Modern wavefront mapping drastically reduces light glare and haloing in post-surgery vision 

  • Today, with laser eye surgery becoming an ever-more popular choice for vision correction, the ways in which these cutting-edge techniques can be deployed to rid people of glasses or contact lenses has grown as fast as the demand for it
  • Cataract surgery - among the most performed surgeries in the UK, where the eye’s lens in replaced due to it becoming cloudy over time - has been modified for people wishing to see both near and far without the aid of spectacles
  • Lenses can now be replaced with ones tailor-made to enable the eye to focus at all distances on its own
  • Normally, by around the age of 40, the ability to see close up diminishes, so regardless of whether you need glasses for long distance, close work will require some assistance - refractive lens exchange enables a tailor-made synthetic lens to replace your own, allowing crystal-clear vision at any distance
  • Laser surgery has also evolved to be even less invasive, with the SMILE technique using keyhole incisions to enable vastly increased precision, faster healing times, and less uncertainty around how the vision will settle with healing

All of these developments mean that more and more people can be considered as suitable candidates for laser eye surgery, with all but the most complex prescriptions corrected by these wonderful leaps in technology.

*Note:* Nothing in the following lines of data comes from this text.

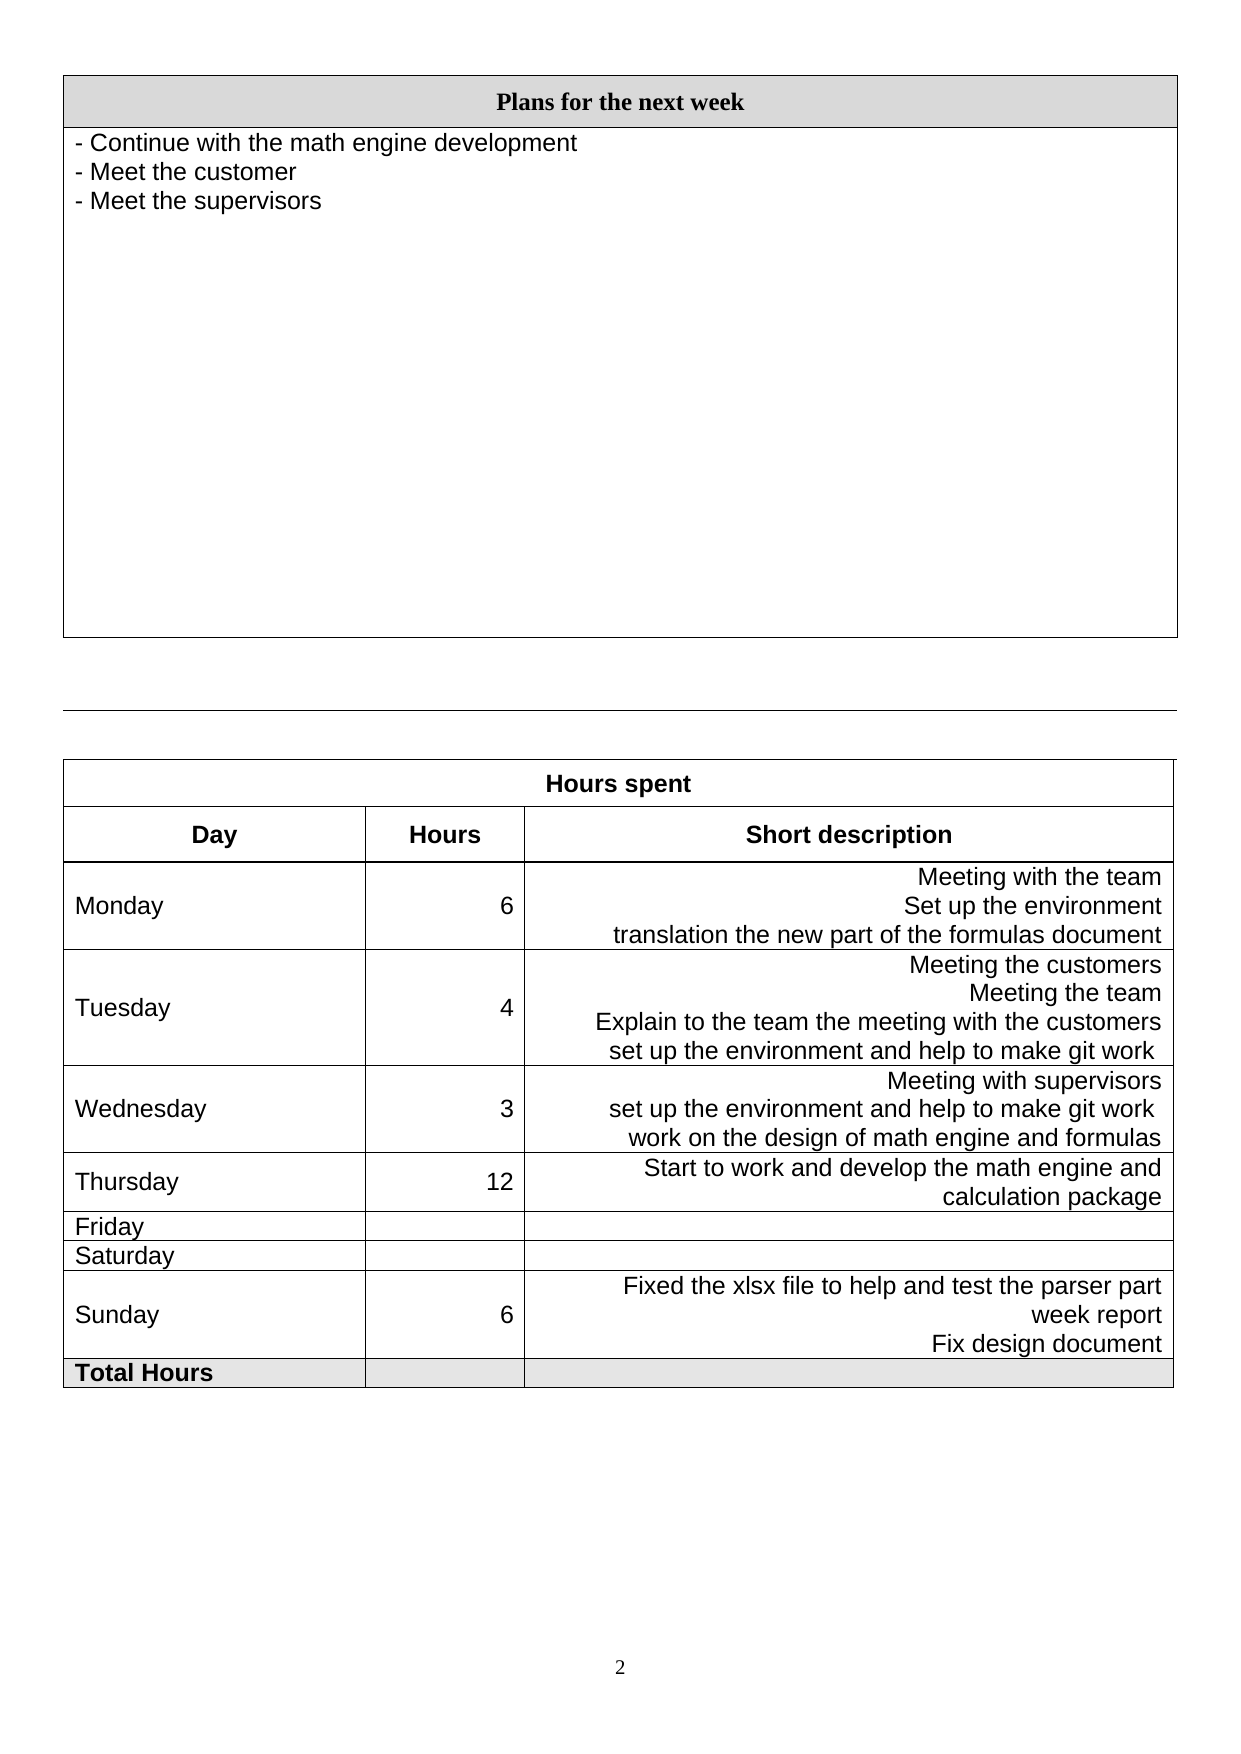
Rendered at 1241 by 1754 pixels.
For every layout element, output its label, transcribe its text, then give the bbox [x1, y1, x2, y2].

table_cell 3 [366, 1066, 524, 1152]
table_cell Short description [525, 807, 1173, 861]
table_cell [525, 1212, 1173, 1240]
table_cell 12 [366, 1153, 524, 1211]
table_cell Hours [366, 807, 524, 861]
table_cell Wednesday [64, 1066, 365, 1152]
table_cell [525, 1359, 1173, 1387]
table_cell [366, 1359, 524, 1387]
table_cell 6 [366, 1271, 524, 1357]
table_cell Sunday [64, 1271, 365, 1357]
table_cell 4 [366, 950, 524, 1065]
table_cell [525, 1241, 1173, 1270]
table_cell Saturday [64, 1241, 365, 1270]
table_cell [366, 1212, 524, 1240]
table_cell [366, 1241, 524, 1270]
table_cell - Continue with the math engine development - Meet the customer - Meet the supervisors [64, 128, 1177, 637]
table_cell Friday [64, 1212, 365, 1240]
table_cell Total Hours [64, 1359, 365, 1387]
table_cell Start to work and develop the math engine and calculation package [525, 1153, 1173, 1211]
table_cell Thursday [64, 1153, 365, 1211]
table_header Plans for the next week [64, 76, 1177, 127]
table_cell 6 [366, 863, 524, 949]
table_cell Meeting with the team Set up the environment translation the new part of the formulas document [525, 863, 1173, 949]
table_cell Fixed the xlsx file to help and test the parser part week report Fix design document [525, 1271, 1173, 1357]
table_cell Hours spent [64, 760, 1173, 806]
table_cell Meeting with supervisors set up the environment and help to make git work work on the design of math engine and formulas [525, 1066, 1173, 1152]
table_header [63, 711, 1177, 759]
table_cell Meeting the customers Meeting the team Explain to the team the meeting with the customers set up the environment and help to make git work [525, 950, 1173, 1065]
table_cell Day [64, 807, 365, 861]
table_cell Monday [64, 863, 365, 949]
table_cell Tuesday [64, 950, 365, 1065]

As for the future? Right now, a Canadian company is in the process of developing the next evolutionary step in lens replacement: synthetic lenses will soon be capable of using dynamic movement in the muscles of the eye to enable sharp focusing at a much wider range of distances and angles than ‘stock’ human eye lenses are naturally capable of.

Scientists hope to have the technique available by 2020, so we’ll keep our eyes peeled - as it were - for any new developments!